◆ **WHAT NEEDS TO BE DONE**
Nothing but a number should be given: the count of lines in the data that include the string "input".

◆ **ENTRIES SUPPLIED**
----------------
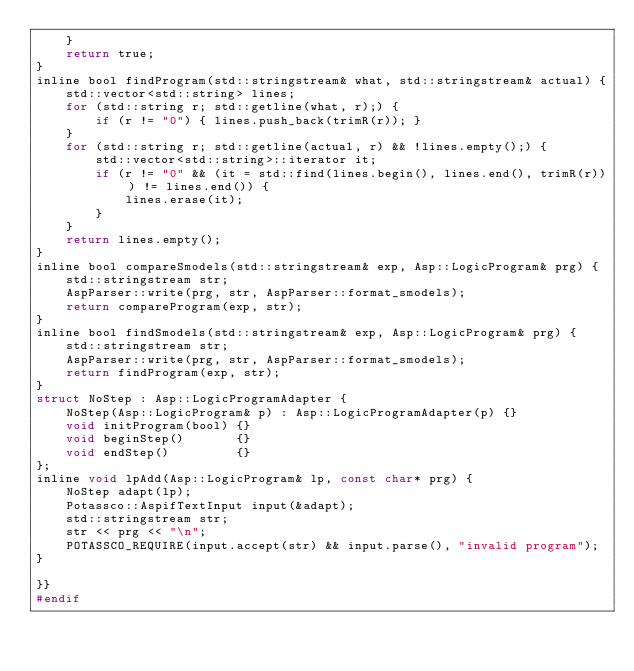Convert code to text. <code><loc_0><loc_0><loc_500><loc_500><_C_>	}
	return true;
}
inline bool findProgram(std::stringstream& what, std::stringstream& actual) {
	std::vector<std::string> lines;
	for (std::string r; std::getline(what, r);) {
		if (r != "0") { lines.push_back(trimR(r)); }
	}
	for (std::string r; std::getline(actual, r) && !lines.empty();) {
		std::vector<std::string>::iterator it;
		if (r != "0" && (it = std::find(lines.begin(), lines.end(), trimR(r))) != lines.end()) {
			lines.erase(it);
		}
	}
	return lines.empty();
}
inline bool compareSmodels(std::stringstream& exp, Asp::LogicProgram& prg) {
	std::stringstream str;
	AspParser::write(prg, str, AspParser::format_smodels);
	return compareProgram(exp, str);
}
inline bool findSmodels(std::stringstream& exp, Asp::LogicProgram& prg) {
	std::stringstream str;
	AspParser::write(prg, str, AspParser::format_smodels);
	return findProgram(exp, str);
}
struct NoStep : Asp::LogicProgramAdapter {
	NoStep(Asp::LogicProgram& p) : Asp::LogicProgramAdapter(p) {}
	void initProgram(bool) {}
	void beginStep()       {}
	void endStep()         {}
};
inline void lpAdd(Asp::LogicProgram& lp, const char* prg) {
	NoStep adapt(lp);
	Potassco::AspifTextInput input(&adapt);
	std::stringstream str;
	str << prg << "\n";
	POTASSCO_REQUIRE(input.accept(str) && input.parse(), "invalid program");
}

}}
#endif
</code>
----------------
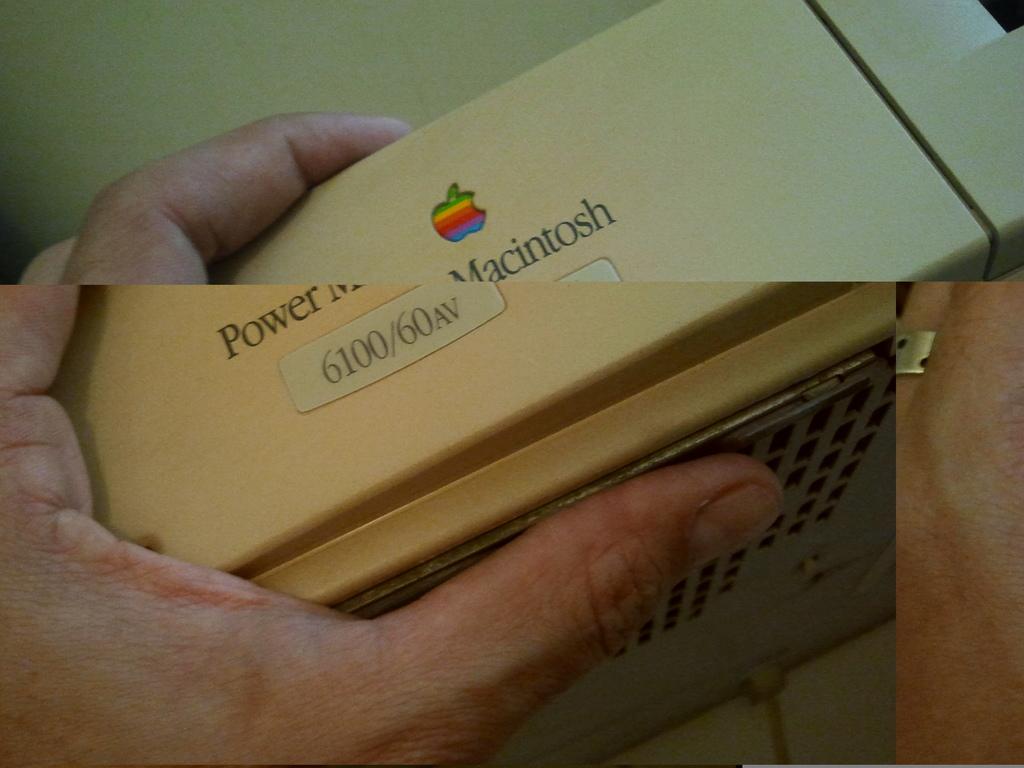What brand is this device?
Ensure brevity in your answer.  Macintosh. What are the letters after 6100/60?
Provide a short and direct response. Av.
----------------
◆ **RESPONSE**
2